## WORK REQUEST
Begin at the line below that has "#3 pill bottle [239,300,442,491]" and stop after the line that has "#10 soccer cleat [488,83,647,272]". Please restate only those lines, word for word.

## Stored data
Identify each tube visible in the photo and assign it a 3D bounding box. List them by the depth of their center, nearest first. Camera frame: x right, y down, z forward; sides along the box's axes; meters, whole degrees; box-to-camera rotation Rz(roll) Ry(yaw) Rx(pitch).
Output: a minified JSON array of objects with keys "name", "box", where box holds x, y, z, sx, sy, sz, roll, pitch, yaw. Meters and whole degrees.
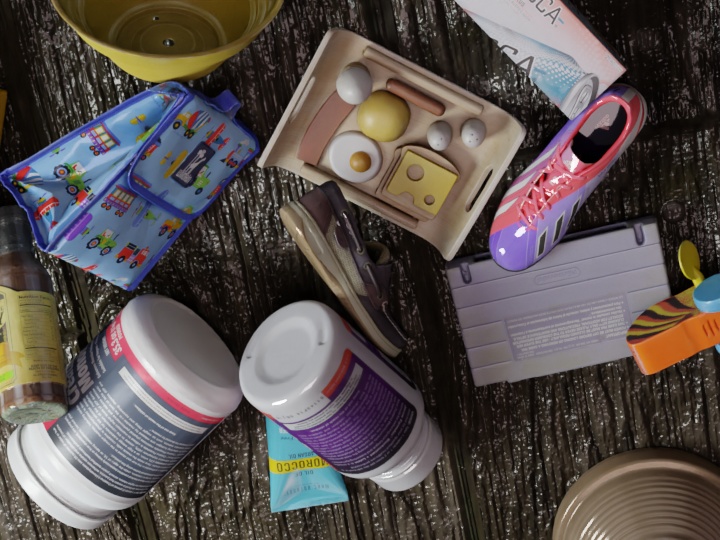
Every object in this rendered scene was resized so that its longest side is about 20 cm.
[{"name":"tube","box":[-0.062,0.143,1.551,0.077,0.050,0.201,-6,115,3]}]

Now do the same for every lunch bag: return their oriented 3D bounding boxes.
[{"name":"lunch bag","box":[-0.186,-0.092,1.411,0.200,0.151,0.094,-39,65,9]}]

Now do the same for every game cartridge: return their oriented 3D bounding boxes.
[{"name":"game cartridge","box":[0.190,0.031,1.501,0.199,0.038,0.130,-12,114,7]}]

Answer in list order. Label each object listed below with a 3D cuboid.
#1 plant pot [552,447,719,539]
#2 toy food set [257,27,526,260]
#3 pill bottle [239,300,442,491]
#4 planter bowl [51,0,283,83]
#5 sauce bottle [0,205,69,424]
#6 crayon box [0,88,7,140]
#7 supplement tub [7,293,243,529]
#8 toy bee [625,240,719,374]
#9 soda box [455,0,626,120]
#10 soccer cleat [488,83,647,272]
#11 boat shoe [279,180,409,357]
[{"name":"plant pot","box":[0.288,0.281,1.559,0.200,0.093,0.202,1,110,3]},{"name":"toy food set","box":[0.028,-0.111,1.439,0.200,0.060,0.144,27,110,-7]},{"name":"pill bottle","box":[-0.011,0.123,1.477,0.111,0.112,0.200,-35,131,14]},{"name":"planter bowl","box":[-0.163,-0.220,1.365,0.200,0.201,0.084,7,140,0]},{"name":"sauce bottle","box":[-0.308,0.039,1.461,0.065,0.065,0.201,-17,67,9]},{"name":"crayon box","box":[-0.379,-0.098,1.412,0.051,0.127,0.201,16,103,28]},{"name":"supplement tub","box":[-0.220,0.132,1.502,0.140,0.140,0.200,43,107,-12]},{"name":"toy bee","box":[0.340,0.030,1.454,0.199,0.109,0.131,-2,116,9]},{"name":"soda box","box":[0.138,-0.227,1.388,0.200,0.064,0.068,44,107,-12]},{"name":"soccer cleat","box":[0.178,-0.082,1.425,0.068,0.073,0.200,40,104,7]},{"name":"boat shoe","box":[0.000,0.000,1.462,0.065,0.072,0.200,-37,124,-2]}]
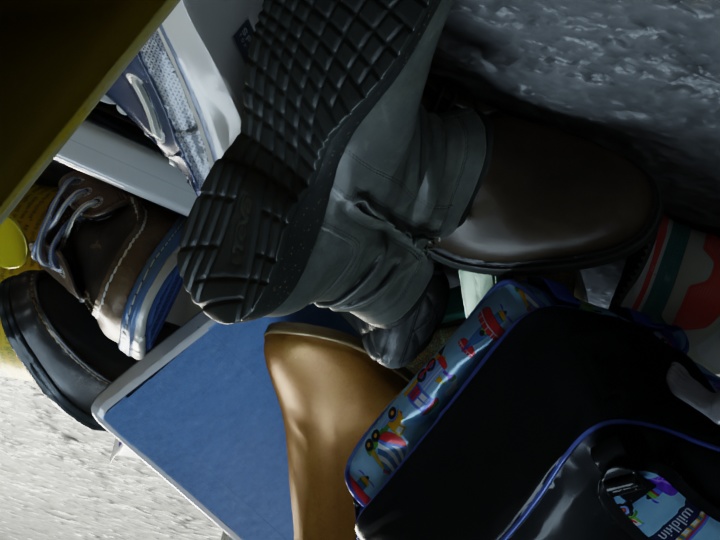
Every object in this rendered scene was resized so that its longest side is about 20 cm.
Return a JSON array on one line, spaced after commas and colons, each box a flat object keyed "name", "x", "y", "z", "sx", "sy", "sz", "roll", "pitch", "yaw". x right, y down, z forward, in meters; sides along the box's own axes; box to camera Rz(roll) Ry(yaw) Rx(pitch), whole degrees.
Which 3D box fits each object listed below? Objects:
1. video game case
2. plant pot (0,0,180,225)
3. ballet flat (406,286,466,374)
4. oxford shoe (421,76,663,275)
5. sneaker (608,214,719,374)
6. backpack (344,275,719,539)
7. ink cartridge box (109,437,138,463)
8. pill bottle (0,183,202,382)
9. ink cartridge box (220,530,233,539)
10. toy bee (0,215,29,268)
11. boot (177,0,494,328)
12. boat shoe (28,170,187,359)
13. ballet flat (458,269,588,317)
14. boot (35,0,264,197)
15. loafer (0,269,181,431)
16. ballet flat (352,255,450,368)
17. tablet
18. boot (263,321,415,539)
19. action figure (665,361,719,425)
[{"name": "video game case", "x": -0.116, "y": -0.059, "z": 1.097, "sx": 0.200, "sy": 0.024, "sz": 0.182, "roll": 23, "pitch": -176, "yaw": -25}, {"name": "plant pot", "x": -0.218, "y": -0.098, "z": 0.873, "sx": 0.200, "sy": 0.200, "sz": 0.176, "roll": 41, "pitch": 168, "yaw": -18}, {"name": "ballet flat", "x": 0.024, "y": 0.046, "z": 1.273, "sx": 0.200, "sy": 0.071, "sz": 0.071, "roll": -9, "pitch": 151, "yaw": 35}, {"name": "oxford shoe", "x": 0.038, "y": -0.049, "z": 1.038, "sx": 0.200, "sy": 0.073, "sz": 0.084, "roll": 12, "pitch": 159, "yaw": 8}, {"name": "sneaker", "x": 0.172, "y": 0.037, "z": 1.182, "sx": 0.093, "sy": 0.070, "sz": 0.200, "roll": 18, "pitch": 159, "yaw": 8}, {"name": "backpack", "x": 0.120, "y": 0.110, "z": 1.086, "sx": 0.200, "sy": 0.135, "sz": 0.183, "roll": 15, "pitch": 124, "yaw": -36}, {"name": "ink cartridge box", "x": -0.117, "y": 0.062, "z": 1.438, "sx": 0.037, "sy": 0.095, "sz": 0.200, "roll": 18, "pitch": 161, "yaw": -11}, {"name": "pill bottle", "x": -0.174, "y": 0.009, "z": 1.300, "sx": 0.200, "sy": 0.113, "sz": 0.113, "roll": 9, "pitch": 161, "yaw": 16}, {"name": "ink cartridge box", "x": 0.007, "y": 0.121, "z": 1.348, "sx": 0.145, "sy": 0.200, "sz": 0.083, "roll": 12, "pitch": 161, "yaw": 9}, {"name": "toy bee", "x": -0.213, "y": -0.044, "z": 1.141, "sx": 0.109, "sy": 0.200, "sz": 0.131, "roll": -36, "pitch": 120, "yaw": 23}, {"name": "boot", "x": 0.011, "y": -0.064, "z": 0.946, "sx": 0.068, "sy": 0.200, "sz": 0.131, "roll": 41, "pitch": -155, "yaw": 30}, {"name": "boat shoe", "x": -0.121, "y": -0.009, "z": 1.110, "sx": 0.072, "sy": 0.072, "sz": 0.200, "roll": 26, "pitch": -177, "yaw": -8}, {"name": "ballet flat", "x": 0.086, "y": 0.053, "z": 1.173, "sx": 0.071, "sy": 0.071, "sz": 0.200, "roll": 8, "pitch": 120, "yaw": 19}, {"name": "boot", "x": -0.072, "y": -0.078, "z": 0.985, "sx": 0.090, "sy": 0.073, "sz": 0.200, "roll": 9, "pitch": 133, "yaw": 34}, {"name": "loafer", "x": -0.105, "y": 0.049, "z": 1.193, "sx": 0.072, "sy": 0.073, "sz": 0.200, "roll": -27, "pitch": 141, "yaw": 24}, {"name": "ballet flat", "x": 0.000, "y": 0.000, "z": 1.152, "sx": 0.066, "sy": 0.057, "sz": 0.200, "roll": 17, "pitch": -173, "yaw": -10}, {"name": "tablet", "x": -0.038, "y": 0.080, "z": 1.199, "sx": 0.200, "sy": 0.130, "sz": 0.014, "roll": 48, "pitch": -174, "yaw": -47}, {"name": "boot", "x": -0.011, "y": 0.126, "z": 1.148, "sx": 0.071, "sy": 0.144, "sz": 0.201, "roll": 7, "pitch": 153, "yaw": 29}, {"name": "action figure", "x": 0.259, "y": 0.022, "z": 0.994, "sx": 0.200, "sy": 0.105, "sz": 0.193, "roll": 22, "pitch": 132, "yaw": -35}]
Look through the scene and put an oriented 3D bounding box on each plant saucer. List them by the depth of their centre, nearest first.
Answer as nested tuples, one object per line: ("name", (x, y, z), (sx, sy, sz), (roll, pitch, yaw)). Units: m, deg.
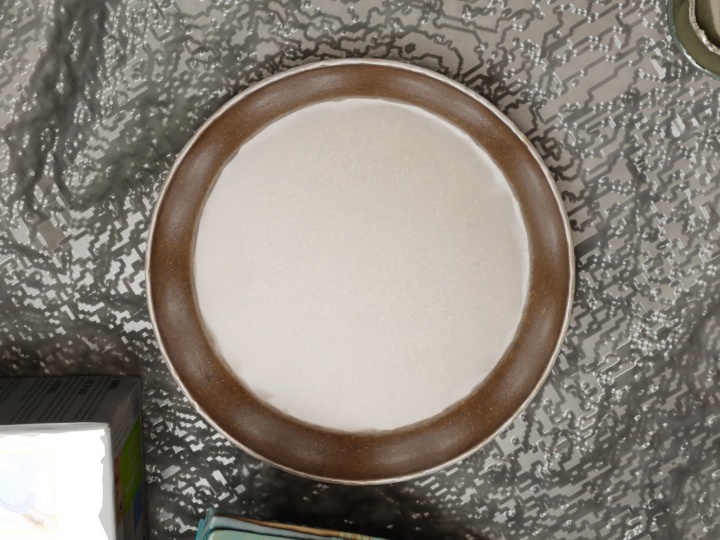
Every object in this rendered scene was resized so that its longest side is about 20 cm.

## SOLUTION FOR THIS EXERCISE
#3 pill bottle [239,300,442,491]
#4 planter bowl [51,0,283,83]
#5 sauce bottle [0,205,69,424]
#6 crayon box [0,88,7,140]
#7 supplement tub [7,293,243,529]
#8 toy bee [625,240,719,374]
#9 soda box [455,0,626,120]
#10 soccer cleat [488,83,647,272]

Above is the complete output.